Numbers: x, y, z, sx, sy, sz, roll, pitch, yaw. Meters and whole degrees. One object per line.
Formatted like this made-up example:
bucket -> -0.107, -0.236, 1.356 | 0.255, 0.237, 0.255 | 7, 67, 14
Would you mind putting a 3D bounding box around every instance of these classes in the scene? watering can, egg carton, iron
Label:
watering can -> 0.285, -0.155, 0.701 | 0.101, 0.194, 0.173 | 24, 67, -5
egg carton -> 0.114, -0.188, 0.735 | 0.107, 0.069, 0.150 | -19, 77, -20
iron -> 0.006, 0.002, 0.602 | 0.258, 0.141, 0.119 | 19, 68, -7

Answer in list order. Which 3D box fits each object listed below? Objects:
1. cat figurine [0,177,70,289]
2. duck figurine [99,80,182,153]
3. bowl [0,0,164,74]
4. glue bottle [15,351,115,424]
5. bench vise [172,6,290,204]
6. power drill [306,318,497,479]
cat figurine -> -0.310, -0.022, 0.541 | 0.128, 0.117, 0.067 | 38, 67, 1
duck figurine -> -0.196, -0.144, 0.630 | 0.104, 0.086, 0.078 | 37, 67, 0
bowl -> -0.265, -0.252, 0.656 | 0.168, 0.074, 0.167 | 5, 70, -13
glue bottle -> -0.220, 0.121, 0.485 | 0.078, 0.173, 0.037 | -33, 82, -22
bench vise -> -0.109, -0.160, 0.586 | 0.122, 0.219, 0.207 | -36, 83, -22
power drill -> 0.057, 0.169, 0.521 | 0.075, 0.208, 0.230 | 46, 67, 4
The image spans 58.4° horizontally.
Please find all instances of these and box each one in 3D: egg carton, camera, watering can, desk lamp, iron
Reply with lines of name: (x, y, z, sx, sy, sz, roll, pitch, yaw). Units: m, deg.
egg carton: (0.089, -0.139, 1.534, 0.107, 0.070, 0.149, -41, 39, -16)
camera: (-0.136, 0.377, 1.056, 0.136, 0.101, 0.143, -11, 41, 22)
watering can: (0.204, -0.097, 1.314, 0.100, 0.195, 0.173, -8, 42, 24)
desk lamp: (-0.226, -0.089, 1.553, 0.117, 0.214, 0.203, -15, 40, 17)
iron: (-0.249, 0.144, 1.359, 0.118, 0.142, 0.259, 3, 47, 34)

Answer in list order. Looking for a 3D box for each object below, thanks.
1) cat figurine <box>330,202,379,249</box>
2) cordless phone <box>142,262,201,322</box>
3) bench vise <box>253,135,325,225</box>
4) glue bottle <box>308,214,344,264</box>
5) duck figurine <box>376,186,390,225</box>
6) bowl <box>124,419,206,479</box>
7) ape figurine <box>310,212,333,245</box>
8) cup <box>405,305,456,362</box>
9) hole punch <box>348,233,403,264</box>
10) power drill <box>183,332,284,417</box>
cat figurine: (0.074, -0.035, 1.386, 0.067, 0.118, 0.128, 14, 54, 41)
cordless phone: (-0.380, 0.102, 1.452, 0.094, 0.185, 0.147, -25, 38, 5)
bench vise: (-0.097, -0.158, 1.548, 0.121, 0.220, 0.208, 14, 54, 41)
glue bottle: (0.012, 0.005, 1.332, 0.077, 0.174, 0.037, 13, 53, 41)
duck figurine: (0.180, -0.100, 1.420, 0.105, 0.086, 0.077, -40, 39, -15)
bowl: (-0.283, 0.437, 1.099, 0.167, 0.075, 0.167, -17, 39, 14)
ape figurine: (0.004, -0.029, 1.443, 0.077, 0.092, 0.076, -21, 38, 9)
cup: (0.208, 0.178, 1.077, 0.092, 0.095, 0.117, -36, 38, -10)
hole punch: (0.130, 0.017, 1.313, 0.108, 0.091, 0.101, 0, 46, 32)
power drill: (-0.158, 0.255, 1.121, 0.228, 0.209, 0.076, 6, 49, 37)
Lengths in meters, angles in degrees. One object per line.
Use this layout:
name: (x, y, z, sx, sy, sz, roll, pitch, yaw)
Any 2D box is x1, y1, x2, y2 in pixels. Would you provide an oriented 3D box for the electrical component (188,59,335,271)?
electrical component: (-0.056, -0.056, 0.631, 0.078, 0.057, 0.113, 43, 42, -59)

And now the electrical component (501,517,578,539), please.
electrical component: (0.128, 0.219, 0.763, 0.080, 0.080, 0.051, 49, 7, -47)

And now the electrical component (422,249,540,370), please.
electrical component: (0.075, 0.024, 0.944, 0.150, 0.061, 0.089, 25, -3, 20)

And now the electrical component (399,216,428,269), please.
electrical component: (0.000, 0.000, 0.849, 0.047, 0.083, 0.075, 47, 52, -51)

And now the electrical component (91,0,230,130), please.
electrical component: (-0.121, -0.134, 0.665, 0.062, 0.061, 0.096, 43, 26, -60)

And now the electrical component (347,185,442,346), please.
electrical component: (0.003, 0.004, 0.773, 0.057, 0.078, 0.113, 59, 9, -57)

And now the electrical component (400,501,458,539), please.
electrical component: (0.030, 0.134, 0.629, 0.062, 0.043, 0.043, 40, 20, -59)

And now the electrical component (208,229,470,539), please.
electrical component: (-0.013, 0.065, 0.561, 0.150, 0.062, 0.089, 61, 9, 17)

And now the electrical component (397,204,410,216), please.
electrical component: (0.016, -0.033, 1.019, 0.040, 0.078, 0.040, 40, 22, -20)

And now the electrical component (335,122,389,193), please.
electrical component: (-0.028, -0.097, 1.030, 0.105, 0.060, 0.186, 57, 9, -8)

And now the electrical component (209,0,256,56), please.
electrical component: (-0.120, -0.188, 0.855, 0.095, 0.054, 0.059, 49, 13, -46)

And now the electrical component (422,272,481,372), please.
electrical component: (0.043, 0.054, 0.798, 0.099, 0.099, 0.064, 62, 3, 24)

○ ○ ○ ○

-- PROMPT --
Write the records out once more, word for word.

-- ANSWER TO THE EXERCISE --
Numbers: x, y, z, sx, sy, sz, roll, pitch, yaw. Meters and whole degrees. One object per line.
Formatted like this made-up example:
bucket -> -0.107, -0.236, 1.356 | 0.255, 0.237, 0.255 | 7, 67, 14
Would you mind putting a 3D bounding box around every instance of these classes in the scene? watering can, egg carton, iron
Label:
watering can -> 0.285, -0.155, 0.701 | 0.101, 0.194, 0.173 | 24, 67, -5
egg carton -> 0.114, -0.188, 0.735 | 0.107, 0.069, 0.150 | -19, 77, -20
iron -> 0.006, 0.002, 0.602 | 0.258, 0.141, 0.119 | 19, 68, -7

Answer in list order. Which 3D box fits each object listed below? Objects:
1. cat figurine [0,177,70,289]
2. duck figurine [99,80,182,153]
3. bowl [0,0,164,74]
4. glue bottle [15,351,115,424]
5. bench vise [172,6,290,204]
6. power drill [306,318,497,479]
cat figurine -> -0.310, -0.022, 0.541 | 0.128, 0.117, 0.067 | 38, 67, 1
duck figurine -> -0.196, -0.144, 0.630 | 0.104, 0.086, 0.078 | 37, 67, 0
bowl -> -0.265, -0.252, 0.656 | 0.168, 0.074, 0.167 | 5, 70, -13
glue bottle -> -0.220, 0.121, 0.485 | 0.078, 0.173, 0.037 | -33, 82, -22
bench vise -> -0.109, -0.160, 0.586 | 0.122, 0.219, 0.207 | -36, 83, -22
power drill -> 0.057, 0.169, 0.521 | 0.075, 0.208, 0.230 | 46, 67, 4
The image spans 58.4° horizontally.
Please find all instances of these and box each one in 3D: egg carton, camera, watering can, desk lamp, iron
Reply with lines of name: (x, y, z, sx, sy, sz, roll, pitch, yaw). Units: m, deg.
egg carton: (0.089, -0.139, 1.534, 0.107, 0.070, 0.149, -41, 39, -16)
camera: (-0.136, 0.377, 1.056, 0.136, 0.101, 0.143, -11, 41, 22)
watering can: (0.204, -0.097, 1.314, 0.100, 0.195, 0.173, -8, 42, 24)
desk lamp: (-0.226, -0.089, 1.553, 0.117, 0.214, 0.203, -15, 40, 17)
iron: (-0.249, 0.144, 1.359, 0.118, 0.142, 0.259, 3, 47, 34)

Answer in list order. Looking for a 3D box for each object below, thanks.
1) cat figurine <box>330,202,379,249</box>
2) cordless phone <box>142,262,201,322</box>
3) bench vise <box>253,135,325,225</box>
4) glue bottle <box>308,214,344,264</box>
5) duck figurine <box>376,186,390,225</box>
6) bowl <box>124,419,206,479</box>
7) ape figurine <box>310,212,333,245</box>
8) cup <box>405,305,456,362</box>
9) hole punch <box>348,233,403,264</box>
10) power drill <box>183,332,284,417</box>
cat figurine: (0.074, -0.035, 1.386, 0.067, 0.118, 0.128, 14, 54, 41)
cordless phone: (-0.380, 0.102, 1.452, 0.094, 0.185, 0.147, -25, 38, 5)
bench vise: (-0.097, -0.158, 1.548, 0.121, 0.220, 0.208, 14, 54, 41)
glue bottle: (0.012, 0.005, 1.332, 0.077, 0.174, 0.037, 13, 53, 41)
duck figurine: (0.180, -0.100, 1.420, 0.105, 0.086, 0.077, -40, 39, -15)
bowl: (-0.283, 0.437, 1.099, 0.167, 0.075, 0.167, -17, 39, 14)
ape figurine: (0.004, -0.029, 1.443, 0.077, 0.092, 0.076, -21, 38, 9)
cup: (0.208, 0.178, 1.077, 0.092, 0.095, 0.117, -36, 38, -10)
hole punch: (0.130, 0.017, 1.313, 0.108, 0.091, 0.101, 0, 46, 32)
power drill: (-0.158, 0.255, 1.121, 0.228, 0.209, 0.076, 6, 49, 37)
Lengths in meters, angles in degrees. One object per line.
Use this layout:
name: (x, y, z, sx, sy, sz, roll, pitch, yaw)
Any 2D box is x1, y1, x2, y2 in pixels. Would you provide an oriented 3D box for the electrical component (188,59,335,271)?
electrical component: (-0.056, -0.056, 0.631, 0.078, 0.057, 0.113, 43, 42, -59)

And now the electrical component (501,517,578,539), please.
electrical component: (0.128, 0.219, 0.763, 0.080, 0.080, 0.051, 49, 7, -47)

And now the electrical component (422,249,540,370), please.
electrical component: (0.075, 0.024, 0.944, 0.150, 0.061, 0.089, 25, -3, 20)

And now the electrical component (399,216,428,269), please.
electrical component: (0.000, 0.000, 0.849, 0.047, 0.083, 0.075, 47, 52, -51)

And now the electrical component (91,0,230,130), please.
electrical component: (-0.121, -0.134, 0.665, 0.062, 0.061, 0.096, 43, 26, -60)

And now the electrical component (347,185,442,346), please.
electrical component: (0.003, 0.004, 0.773, 0.057, 0.078, 0.113, 59, 9, -57)

And now the electrical component (400,501,458,539), please.
electrical component: (0.030, 0.134, 0.629, 0.062, 0.043, 0.043, 40, 20, -59)

And now the electrical component (208,229,470,539), please.
electrical component: (-0.013, 0.065, 0.561, 0.150, 0.062, 0.089, 61, 9, 17)

And now the electrical component (397,204,410,216), please.
electrical component: (0.016, -0.033, 1.019, 0.040, 0.078, 0.040, 40, 22, -20)

And now the electrical component (335,122,389,193), please.
electrical component: (-0.028, -0.097, 1.030, 0.105, 0.060, 0.186, 57, 9, -8)

And now the electrical component (209,0,256,56), please.
electrical component: (-0.120, -0.188, 0.855, 0.095, 0.054, 0.059, 49, 13, -46)

And now the electrical component (422,272,481,372), please.
electrical component: (0.043, 0.054, 0.798, 0.099, 0.099, 0.064, 62, 3, 24)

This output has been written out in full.